Segment Start: Provided records

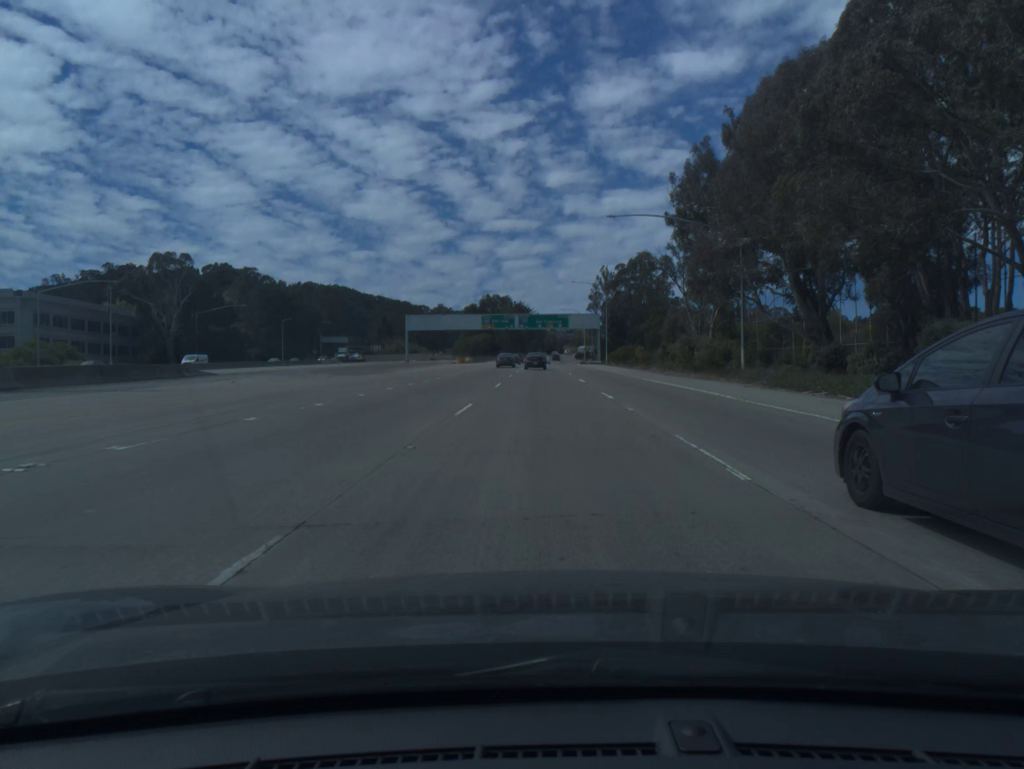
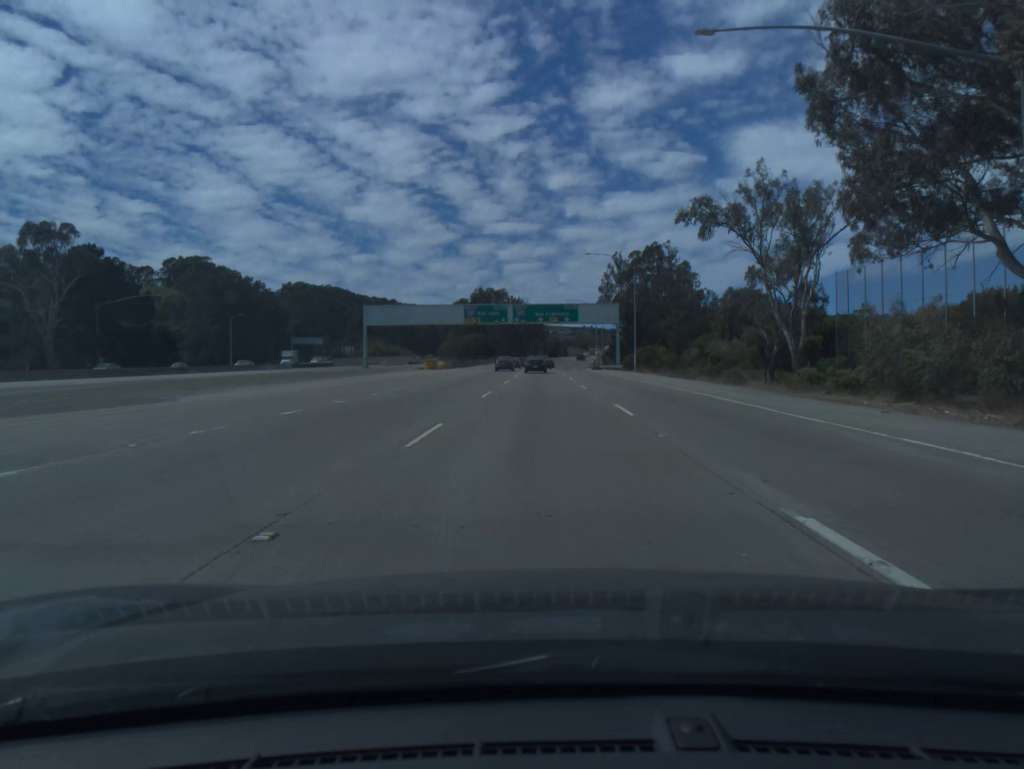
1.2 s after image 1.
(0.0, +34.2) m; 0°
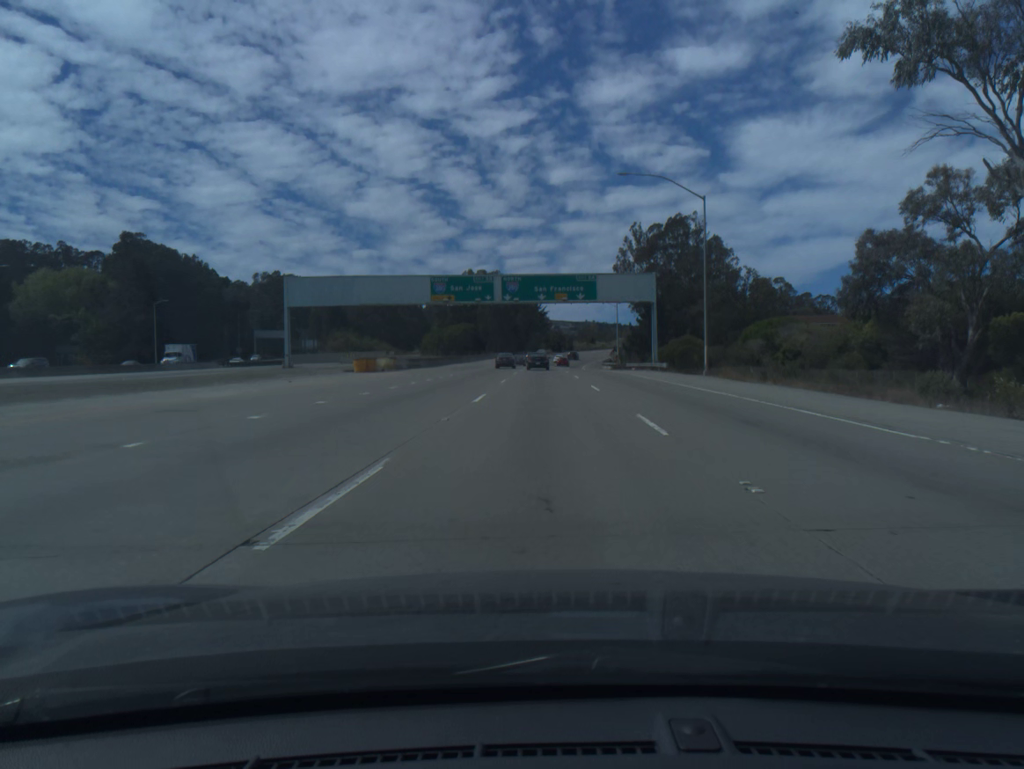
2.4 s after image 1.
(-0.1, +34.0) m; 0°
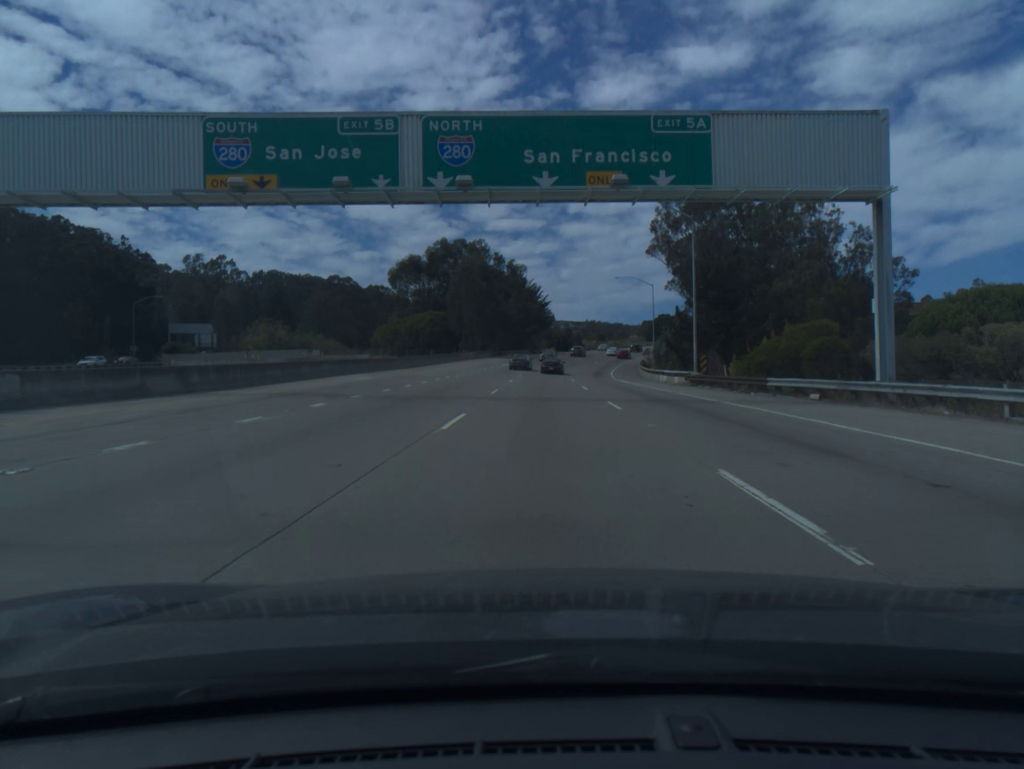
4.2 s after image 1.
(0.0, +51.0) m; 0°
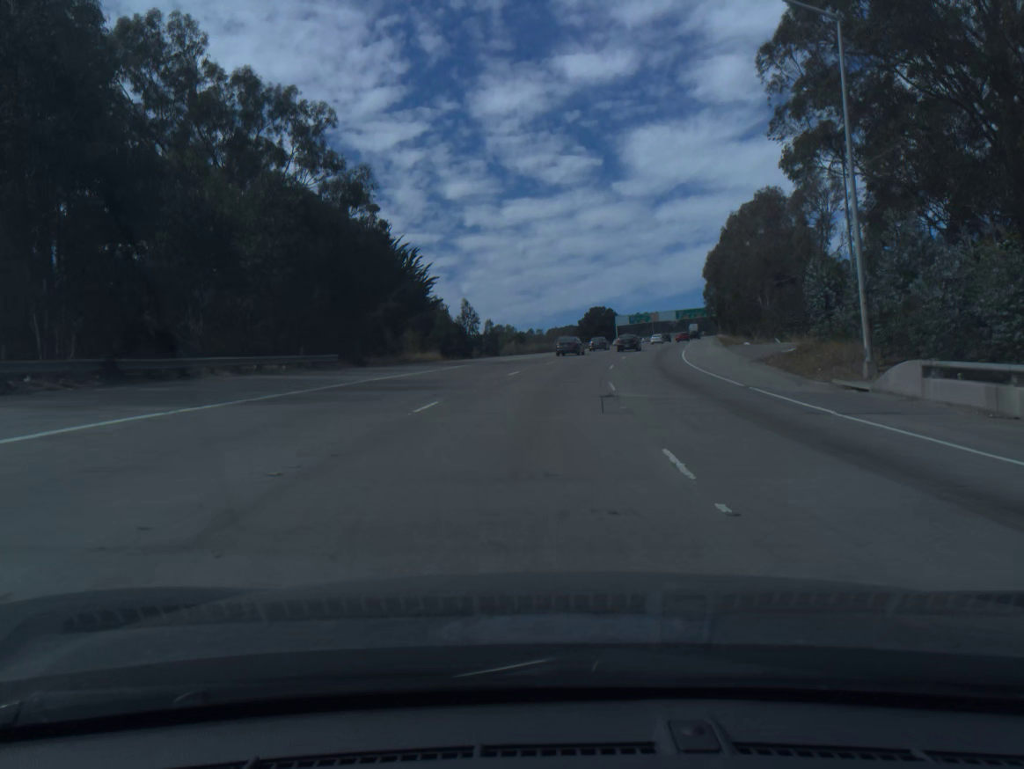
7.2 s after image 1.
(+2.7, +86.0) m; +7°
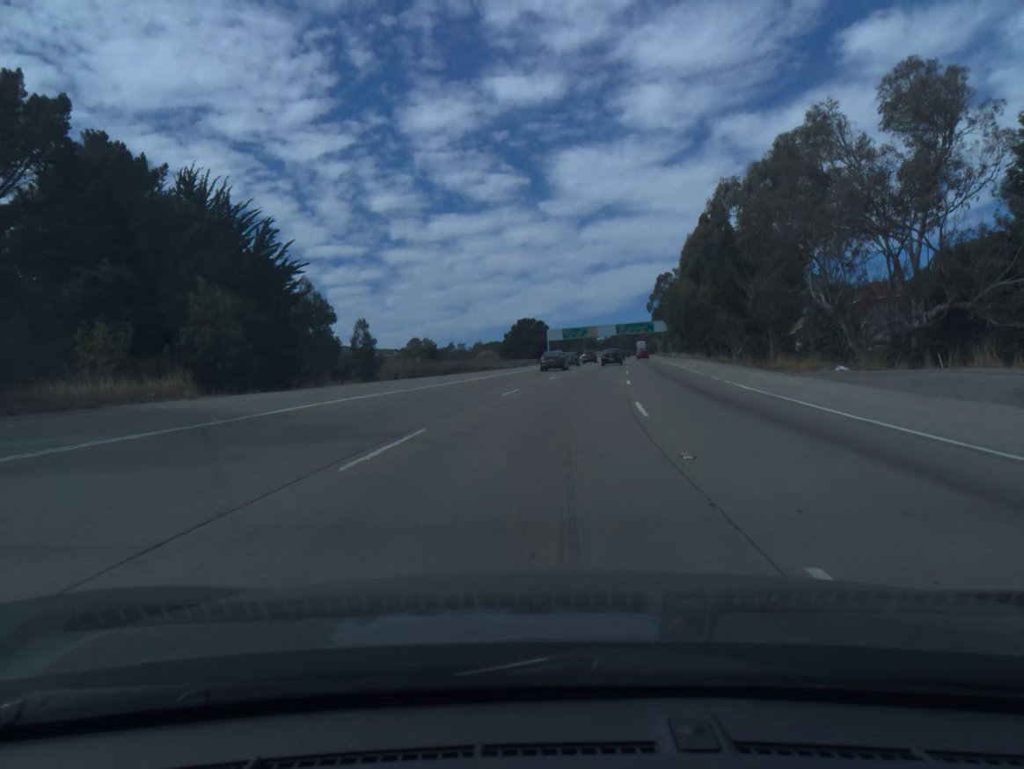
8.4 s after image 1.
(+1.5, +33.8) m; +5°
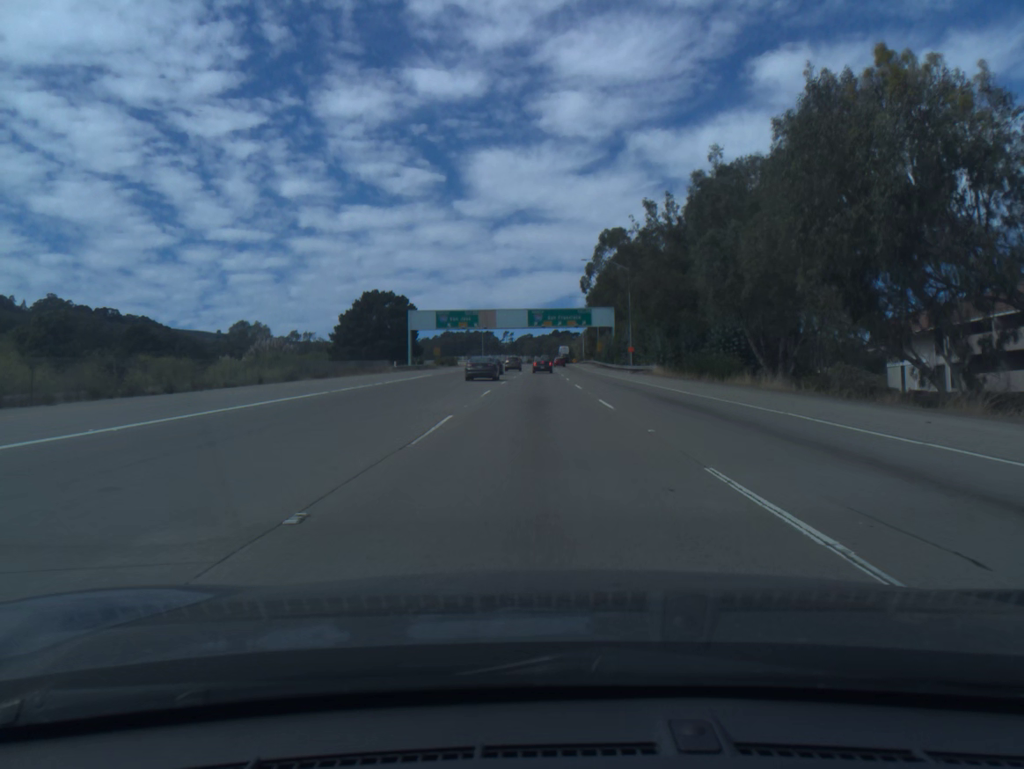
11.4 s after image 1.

Segment End: Provided records

What needs to be done | Copy every record exactly as written, leaving out the pictures.

Answer area |
1.2 s after image 1.
(0.0, +34.2) m; 0°
2.4 s after image 1.
(-0.1, +34.0) m; 0°
4.2 s after image 1.
(0.0, +51.0) m; 0°
7.2 s after image 1.
(+2.7, +86.0) m; +7°
8.4 s after image 1.
(+1.5, +33.8) m; +5°
11.4 s after image 1.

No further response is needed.